Disambiguating between the possible senses of a word in the context of a sentence is a fundamental problem in NLP. However, this assumes a universal set of "meanings" to disambiguate between. A more natural but also more practical task is finding a good substitution for a word in context. For example, in the sentence "She went to the bar last night", we know bar means pub, but the word bar has other meanings: a chocolate bar, or a ban/restriction on something.
This repository uses a Word2Vec embedding based on the Google News corpus, made available here and through the gensim library to rank candidate word substitutions by their suitability to the context of the sentence.
- Download the Google News word vectors from here and make sure you have the gensim package installed.

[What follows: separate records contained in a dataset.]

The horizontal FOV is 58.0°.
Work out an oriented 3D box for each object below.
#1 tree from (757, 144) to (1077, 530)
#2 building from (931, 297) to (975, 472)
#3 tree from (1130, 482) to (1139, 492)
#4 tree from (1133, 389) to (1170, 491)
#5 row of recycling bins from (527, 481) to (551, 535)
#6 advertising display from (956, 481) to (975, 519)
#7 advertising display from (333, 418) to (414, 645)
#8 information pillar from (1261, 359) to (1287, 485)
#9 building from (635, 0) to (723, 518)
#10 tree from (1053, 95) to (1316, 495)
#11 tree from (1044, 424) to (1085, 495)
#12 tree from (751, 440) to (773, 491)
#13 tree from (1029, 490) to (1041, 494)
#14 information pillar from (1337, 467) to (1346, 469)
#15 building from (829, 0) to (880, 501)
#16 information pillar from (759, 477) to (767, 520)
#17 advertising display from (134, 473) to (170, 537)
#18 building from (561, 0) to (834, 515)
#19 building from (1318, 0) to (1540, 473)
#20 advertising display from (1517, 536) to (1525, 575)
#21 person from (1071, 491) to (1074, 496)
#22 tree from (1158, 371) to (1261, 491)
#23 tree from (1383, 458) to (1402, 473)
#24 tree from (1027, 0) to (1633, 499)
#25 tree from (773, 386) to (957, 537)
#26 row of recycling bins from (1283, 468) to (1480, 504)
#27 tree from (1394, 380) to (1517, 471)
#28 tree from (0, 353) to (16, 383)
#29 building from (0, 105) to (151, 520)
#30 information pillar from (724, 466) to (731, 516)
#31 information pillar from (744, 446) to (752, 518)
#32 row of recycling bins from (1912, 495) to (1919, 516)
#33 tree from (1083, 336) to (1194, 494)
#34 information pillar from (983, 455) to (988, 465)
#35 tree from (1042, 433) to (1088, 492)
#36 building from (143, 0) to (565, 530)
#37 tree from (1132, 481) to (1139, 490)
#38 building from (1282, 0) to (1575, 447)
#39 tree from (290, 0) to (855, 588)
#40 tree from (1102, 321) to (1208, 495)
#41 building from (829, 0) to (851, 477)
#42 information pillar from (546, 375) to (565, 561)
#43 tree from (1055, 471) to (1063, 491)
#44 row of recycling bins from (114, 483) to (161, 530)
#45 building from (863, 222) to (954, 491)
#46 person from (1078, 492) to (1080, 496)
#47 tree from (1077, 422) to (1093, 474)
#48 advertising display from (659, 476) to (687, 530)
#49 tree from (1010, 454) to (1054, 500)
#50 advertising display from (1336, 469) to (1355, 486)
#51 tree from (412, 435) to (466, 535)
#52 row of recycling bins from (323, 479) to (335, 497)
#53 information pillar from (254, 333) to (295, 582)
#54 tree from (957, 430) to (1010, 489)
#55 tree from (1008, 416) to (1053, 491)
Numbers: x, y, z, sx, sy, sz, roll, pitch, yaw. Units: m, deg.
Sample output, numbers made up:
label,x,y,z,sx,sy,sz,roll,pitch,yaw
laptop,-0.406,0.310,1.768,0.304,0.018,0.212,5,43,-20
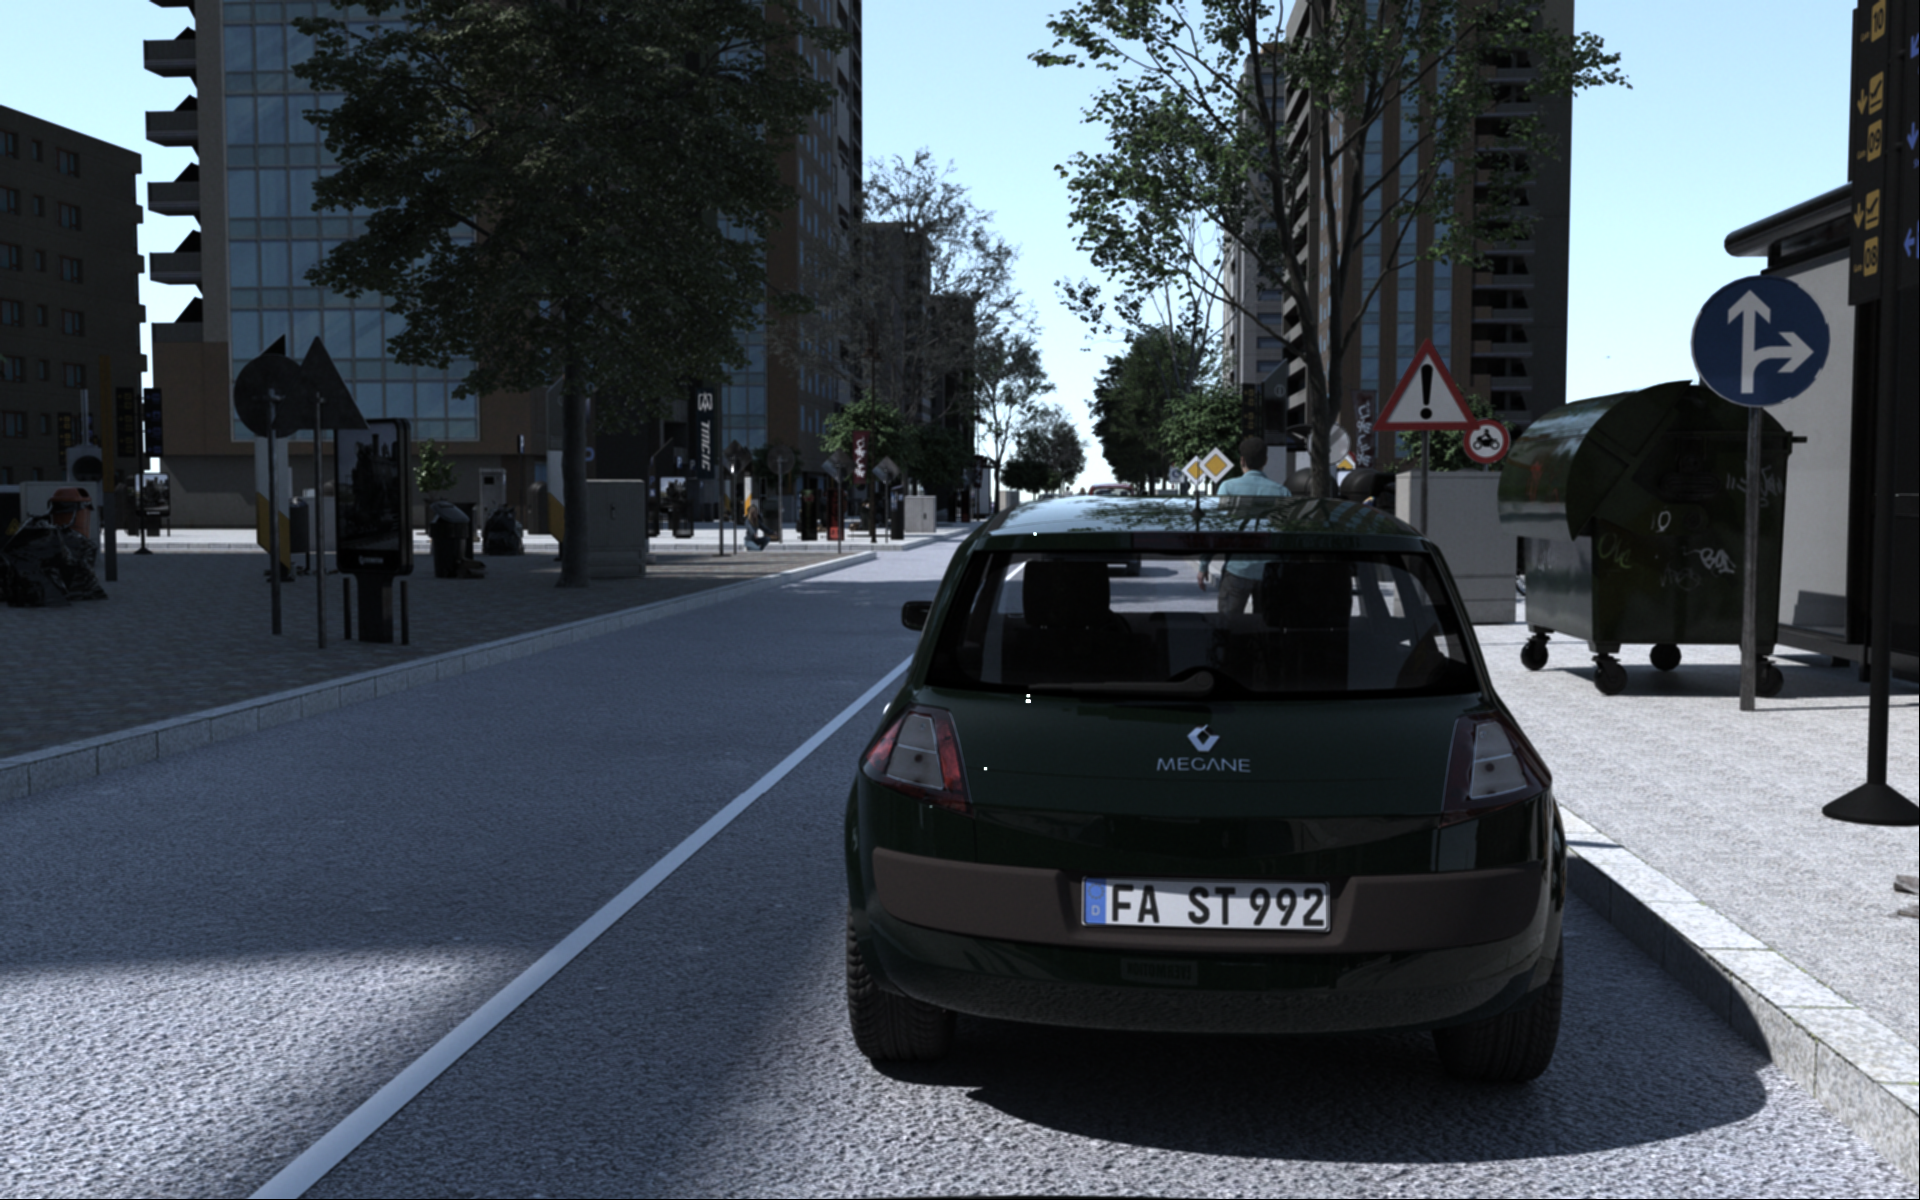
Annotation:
label,x,y,z,sx,sy,sz,roll,pitch,yaw
tree,-1.982,-9.241,61.453,12.009,13.543,11.850,0,3,0
building,-5.210,-30.147,264.610,14.160,30.474,14.107,0,4,5
tree,24.404,-15.384,246.125,1.663,3.219,1.824,0,3,0
tree,13.701,-10.516,122.295,4.737,8.622,4.395,0,3,0
row of recycling bins,-11.996,-2.949,55.336,3.534,1.692,1.069,-1,4,-21
advertising display,0.296,-5.062,87.984,0.974,1.923,0.123,1,4,16
advertising display,-5.068,-0.597,14.969,0.974,1.923,0.123,3,4,38
information pillar,5.442,-2.364,30.005,0.504,3.616,0.183,-1,4,-23
building,-20.908,-19.494,90.433,14.160,30.474,14.107,0,4,5
tree,10.660,-13.786,81.295,12.611,20.169,13.585,0,3,0
tree,16.323,-21.789,274.378,7.486,12.596,7.792,0,3,0
tree,-10.518,-7.045,98.891,4.285,4.588,4.351,0,3,0
tree,7.259,-10.485,166.023,1.663,3.219,1.824,0,3,0
information pillar,10.263,-2.603,47.055,0.304,2.012,0.304,2,4,33
building,-17.521,-44.065,158.719,20.563,71.187,20.611,0,4,5
information pillar,-8.635,-4.362,75.805,0.304,2.012,0.304,-1,4,-16
advertising display,-24.378,-2.878,52.274,0.974,1.923,0.123,-2,4,-28
building,-16.129,-28.236,111.768,14.600,45.320,14.200,0,4,5
building,35.858,-29.653,134.938,14.600,45.320,14.200,0,4,5
advertising display,8.971,-1.370,27.612,0.123,1.923,0.974,0,4,-1
person,11.788,-10.549,181.699,0.721,1.743,1.217,3,5,44
tree,6.967,-3.839,46.483,4.285,4.588,4.351,0,3,0
tree,23.298,-6.011,92.881,1.663,3.219,1.824,0,3,0
tree,4.656,-5.889,22.033,9.928,11.665,9.643,0,3,0
tree,-2.793,-4.205,52.459,4.285,4.588,4.351,0,3,0
row of recycling bins,6.818,-1.239,27.367,3.534,1.692,1.069,-1,4,-13
tree,14.399,-4.076,50.355,4.285,4.588,4.351,0,3,0
tree,-5.832,-0.848,8.472,1.663,3.219,1.824,0,3,0
building,-57.106,-14.117,75.846,28.899,21.520,27.650,0,4,5
information pillar,-13.642,-6.742,101.593,0.183,3.616,0.504,2,4,28
information pillar,-10.253,-5.654,83.793,0.183,3.616,0.504,-3,5,-44
row of recycling bins,13.851,-0.985,23.222,1.069,1.692,3.534,0,4,6
tree,14.463,-14.126,137.609,9.857,13.997,8.962,0,3,0
information pillar,1.446,-6.936,104.762,0.504,3.616,0.183,0,4,8
tree,15.368,-19.891,259.626,8.767,10.594,7.601,1,4,16
building,-21.479,-25.549,67.837,14.600,45.320,14.200,0,4,5
tree,22.953,-16.794,224.943,4.360,8.622,3.978,0,3,0
building,40.268,-32.336,152.397,21.300,48.544,21.600,0,4,5
tree,-5.365,-6.475,23.995,7.486,12.596,7.792,0,3,0
tree,13.174,-11.999,114.316,7.486,12.596,7.792,0,3,0
building,-23.495,-33.422,135.693,28.713,52.752,27.495,0,4,5
information pillar,-7.662,-2.554,33.115,0.183,3.616,0.504,3,5,42
tree,6.154,-9.926,145.996,4.285,4.588,4.351,0,3,0
row of recycling bins,-30.113,-3.488,64.136,1.069,1.692,3.534,1,4,18
building,-16.733,-33.039,232.073,32.217,40.220,23.993,0,4,5
person,10.073,-8.266,143.513,0.709,1.838,0.599,1,4,20
tree,12.308,-19.409,227.707,12.009,13.543,11.850,0,3,0
advertising display,-10.249,-3.467,61.891,0.974,1.923,0.123,0,4,-6
tree,4.681,-9.475,138.628,4.285,4.588,4.351,0,3,0
advertising display,10.108,-2.397,44.411,0.974,1.923,0.123,2,4,28
tree,-16.731,-3.670,54.610,1.663,3.219,1.824,0,3,0
row of recycling bins,-16.296,-2.439,46.991,3.534,1.692,1.069,3,5,45
information pillar,-9.990,-2.068,25.168,0.183,3.616,0.504,3,4,39
tree,-0.955,-5.324,70.763,4.285,4.588,4.351,0,3,0
tree,6.362,-12.377,152.733,4.360,8.622,3.978,0,3,0

- Make sure you've installed nltk (natural language toolkit) and have downloaded the lin thesaurus and wordnet corpora by executing the following in the python console:
import nltk
,nltk.download('lin_thesaurus')
,nltk.download('wordnet')
from lexsub import LexSub
from gensim.models import KeyedVectors
word2vec_path = "/path/to/GoogleNews-vectors-negative300.bin"
vectors = KeyedVectors.load_word2vec_format(word2vec_path, binary=True)
ls = LexSub(vectors, candidate_generator='lin')
sentence = "She had a drink at the bar"
target = "bar.n"
result = ls.lex_sub(target, sentence)
print(result)
# ['bars', 'pub', 'tavern', 'nightclub', 'restaurant']